These goals show that Beijing is not only focused on current development increments but also on accumulating new growth momentum for future competition, transforming the “key variable” of technological innovation into the “maximum increment” for capital development.
If technological innovation and industrial upgrading support Beijing’s “hard power,” then international exchange capabilities, cultural influence, and a livable environment shape the city’s “soft power.”
During the 15th Five-Year Plan, Beijing will continue to enhance its functions as an international exchange center, build an international consumer center city and world tourism destination, and create distinctive brands such as “City of Performing Arts,” “City of Museums,” and “Bookish Capital,” allowing ancient capital culture and modern civilization to complement each other.

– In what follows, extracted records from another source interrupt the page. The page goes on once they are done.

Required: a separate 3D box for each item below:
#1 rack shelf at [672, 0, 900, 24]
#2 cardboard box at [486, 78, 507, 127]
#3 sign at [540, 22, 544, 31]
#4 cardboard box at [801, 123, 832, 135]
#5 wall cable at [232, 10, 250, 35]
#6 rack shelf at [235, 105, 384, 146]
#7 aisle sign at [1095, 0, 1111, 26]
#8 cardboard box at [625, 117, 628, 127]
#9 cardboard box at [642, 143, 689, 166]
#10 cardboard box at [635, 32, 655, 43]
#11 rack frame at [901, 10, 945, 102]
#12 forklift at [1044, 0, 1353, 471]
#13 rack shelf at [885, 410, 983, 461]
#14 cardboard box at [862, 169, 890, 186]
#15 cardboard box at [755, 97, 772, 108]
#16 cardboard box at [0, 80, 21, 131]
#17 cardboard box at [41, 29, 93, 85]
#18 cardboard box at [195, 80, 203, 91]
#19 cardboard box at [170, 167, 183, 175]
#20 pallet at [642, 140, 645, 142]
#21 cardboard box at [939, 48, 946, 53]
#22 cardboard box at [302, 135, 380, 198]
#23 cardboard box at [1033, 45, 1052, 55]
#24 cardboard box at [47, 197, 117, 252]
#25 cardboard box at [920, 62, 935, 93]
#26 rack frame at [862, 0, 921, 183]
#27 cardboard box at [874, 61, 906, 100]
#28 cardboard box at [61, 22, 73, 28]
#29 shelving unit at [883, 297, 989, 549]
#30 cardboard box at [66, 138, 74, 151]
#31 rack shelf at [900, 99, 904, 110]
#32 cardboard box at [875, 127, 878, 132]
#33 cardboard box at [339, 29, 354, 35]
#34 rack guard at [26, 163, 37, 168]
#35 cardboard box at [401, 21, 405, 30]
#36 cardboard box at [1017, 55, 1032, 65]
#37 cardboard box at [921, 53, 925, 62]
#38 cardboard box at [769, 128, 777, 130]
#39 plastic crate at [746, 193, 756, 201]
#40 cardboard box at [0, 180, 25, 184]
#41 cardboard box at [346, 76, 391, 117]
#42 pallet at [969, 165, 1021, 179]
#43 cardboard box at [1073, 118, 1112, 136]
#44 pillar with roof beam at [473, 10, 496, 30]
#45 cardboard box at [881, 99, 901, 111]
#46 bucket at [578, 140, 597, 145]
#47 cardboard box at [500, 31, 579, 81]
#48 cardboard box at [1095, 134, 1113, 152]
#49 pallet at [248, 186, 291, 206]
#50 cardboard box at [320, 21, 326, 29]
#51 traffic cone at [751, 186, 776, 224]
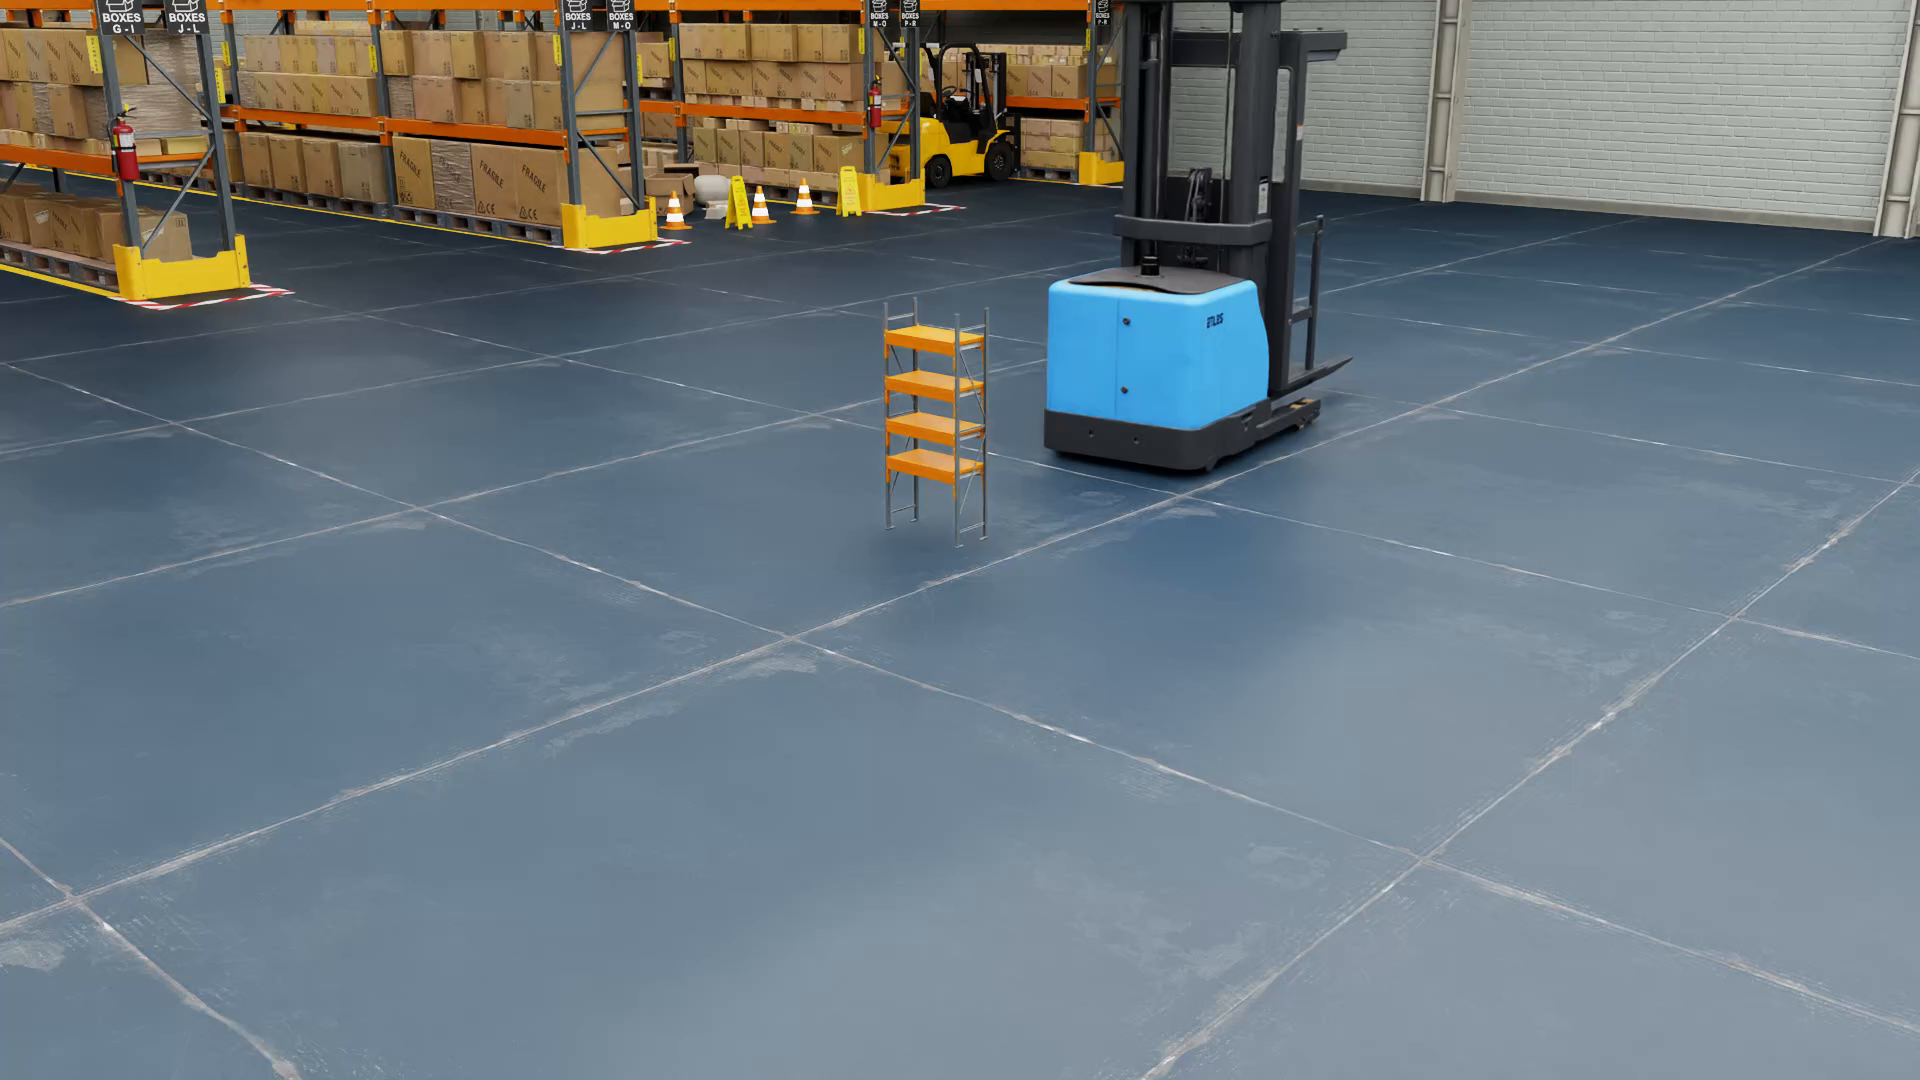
[{"bbox_3d":[-2.427,-7.577,23.757,4.000,0.370,1.077,15,23,39],"label":"rack shelf"},{"bbox_3d":[-5.211,-5.330,20.200,0.550,0.550,0.875,15,23,39],"label":"cardboard box"},{"bbox_3d":[-9.223,-11.249,36.660,0.005,0.325,0.100,15,23,39],"label":"sign"},{"bbox_3d":[-2.023,-5.805,23.483,0.250,0.149,0.380,16,24,41],"label":"cardboard box"},{"bbox_3d":[-16.199,-11.235,37.375,0.122,1.984,0.588,15,23,39],"label":"wall cable"},{"bbox_3d":[-8.629,-5.810,23.149,4.000,0.370,1.077,15,23,39],"label":"rack shelf"},{"bbox_3d":[2.215,-8.371,25.733,0.004,0.787,0.394,15,23,39],"label":"aisle sign"},{"bbox_3d":[-6.952,-8.726,34.899,0.500,0.311,0.500,16,24,41],"label":"cardboard box"},{"bbox_3d":[-4.857,-6.087,26.484,0.950,0.372,0.625,-17,24,-42],"label":"cardboard box"},{"bbox_3d":[-4.943,-7.767,25.703,0.250,0.149,0.380,14,22,38],"label":"cardboard box"},{"bbox_3d":[-0.631,-8.015,28.908,0.127,3.000,1.000,15,23,39],"label":"rack frame"},{"bbox_3d":[1.742,-2.190,10.667,1.130,2.935,3.031,11,21,32],"label":"forklift"},{"bbox_3d":[-0.124,-0.541,8.555,0.480,0.148,0.258,15,23,39],"label":"rack shelf"},{"bbox_3d":[-1.351,-5.202,23.897,0.500,0.250,0.500,15,23,39],"label":"cardboard box"},{"bbox_3d":[-2.743,-6.333,24.022,0.250,0.149,0.380,15,23,39],"label":"cardboard box"},{"bbox_3d":[-9.414,-4.548,17.328,0.500,0.500,0.875,15,23,39],"label":"cardboard box"},{"bbox_3d":[-8.463,-4.666,16.044,0.500,0.500,0.500,15,23,39],"label":"cardboard box"},{"bbox_3d":[-10.984,-6.680,24.422,0.250,0.149,0.380,15,23,39],"label":"cardboard box"},{"bbox_3d":[-11.943,-5.950,25.839,0.500,0.500,0.500,16,23,40],"label":"cardboard box"},{"bbox_3d":[-7.128,-8.430,34.827,1.213,0.211,1.003,15,23,39],"label":"pallet"},{"bbox_3d":[-0.138,-8.301,28.081,0.250,0.149,0.380,14,23,38],"label":"cardboard box"},{"bbox_3d":[-8.376,-5.178,22.993,0.750,0.750,1.050,15,23,39],"label":"cardboard box"},{"bbox_3d":[1.397,-7.891,26.786,0.250,0.149,0.380,15,23,40],"label":"cardboard box"},{"bbox_3d":[-9.279,-3.348,17.642,0.500,0.500,0.500,13,22,34],"label":"cardboard box"},{"bbox_3d":[-0.473,-7.915,28.426,0.500,0.500,0.500,14,22,38],"label":"cardboard box"},{"bbox_3d":[-0.931,-6.088,22.837,0.127,3.000,1.000,15,23,39],"label":"rack frame"},{"bbox_3d":[-1.102,-6.435,23.274,0.500,0.500,0.500,15,23,38],"label":"cardboard box"},{"bbox_3d":[-14.412,-8.265,27.386,0.500,0.500,0.500,16,23,41],"label":"cardboard box"},{"bbox_3d":[-0.124,-0.605,8.535,0.503,1.200,0.258,15,23,39],"label":"shelving unit"},{"bbox_3d":[-8.604,-3.939,16.480,0.250,0.149,0.380,15,23,39],"label":"cardboard box"},{"bbox_3d":[-2.127,-8.074,30.282,4.000,0.370,1.077,15,23,39],"label":"rack shelf"},{"bbox_3d":[-1.029,-7.186,29.526,0.625,0.625,0.875,16,24,42],"label":"cardboard box"},{"bbox_3d":[-11.204,-9.258,31.006,0.500,0.500,0.500,15,23,40],"label":"cardboard box"},{"bbox_3d":[-16.052,-6.954,29.697,0.348,0.500,1.175,15,23,39],"label":"rack guard"},{"bbox_3d":[-10.173,-9.501,30.700,0.250,0.149,0.380,15,23,40],"label":"cardboard box"},{"bbox_3d":[1.142,-7.781,26.933,0.250,0.149,0.380,14,22,38],"label":"cardboard box"},{"bbox_3d":[-0.568,-8.248,28.406,0.250,0.149,0.380,15,23,38],"label":"cardboard box"},{"bbox_3d":[-2.539,-5.876,24.781,0.500,0.500,0.500,17,24,42],"label":"cardboard box"},{"bbox_3d":[-3.293,-4.999,24.231,0.583,0.080,0.402,7,19,21],"label":"plastic crate"},{"bbox_3d":[-11.290,-3.896,19.333,0.500,0.500,0.700,15,23,39],"label":"cardboard box"},{"bbox_3d":[-7.701,-5.843,21.899,0.500,0.500,0.500,15,23,39],"label":"cardboard box"},{"bbox_3d":[0.852,-6.272,28.025,1.213,0.211,1.003,15,23,39],"label":"pallet"},{"bbox_3d":[2.127,-6.717,27.018,0.500,0.250,0.500,15,23,38],"label":"cardboard box"},{"bbox_3d":[-13.883,-13.055,34.872,0.400,9.000,9.100,15,23,39],"label":"pillar with roof beam"},{"bbox_3d":[-1.048,-6.083,23.237,0.250,0.149,0.380,15,23,39],"label":"cardboard box"},{"bbox_3d":[-5.501,-5.410,23.597,0.726,0.611,0.620,-9,10,-27],"label":"bucket"},{"bbox_3d":[-4.866,-5.707,19.602,0.550,0.550,0.875,15,23,39],"label":"cardboard box"},{"bbox_3d":[2.147,-6.481,27.100,0.500,0.250,0.500,16,23,40],"label":"cardboard box"},{"bbox_3d":[-9.585,-5.050,24.174,1.213,0.211,1.003,15,23,39],"label":"pallet"},{"bbox_3d":[-11.856,-9.736,31.442,0.250,0.149,0.380,15,23,40],"label":"cardboard box"},{"bbox_3d":[-2.592,-4.354,21.566,0.334,0.463,0.336,15,23,39],"label":"traffic cone"}]

Notably, the plan adds an indicator for the proportion of Beijing’s port entry and exit passengers to the national total, aiming to increase it from 3.08% to about 3.8%. This reflects the capital’s direction of further opening up and enhancing the vitality of international exchanges. A major country’s capital with historical heritage, innovation vitality, and international style is showing increasing attractiveness and influence.
For the people living in this city, the 15th Five-Year Plan is also full of warmth. From building service systems for the elderly and children, to continuously optimizing public services in education, healthcare, and employment, to constructing a garden city and improving the living environment, Beijing’s development goals are not only to make the city stronger but also to make citizens’ lives better.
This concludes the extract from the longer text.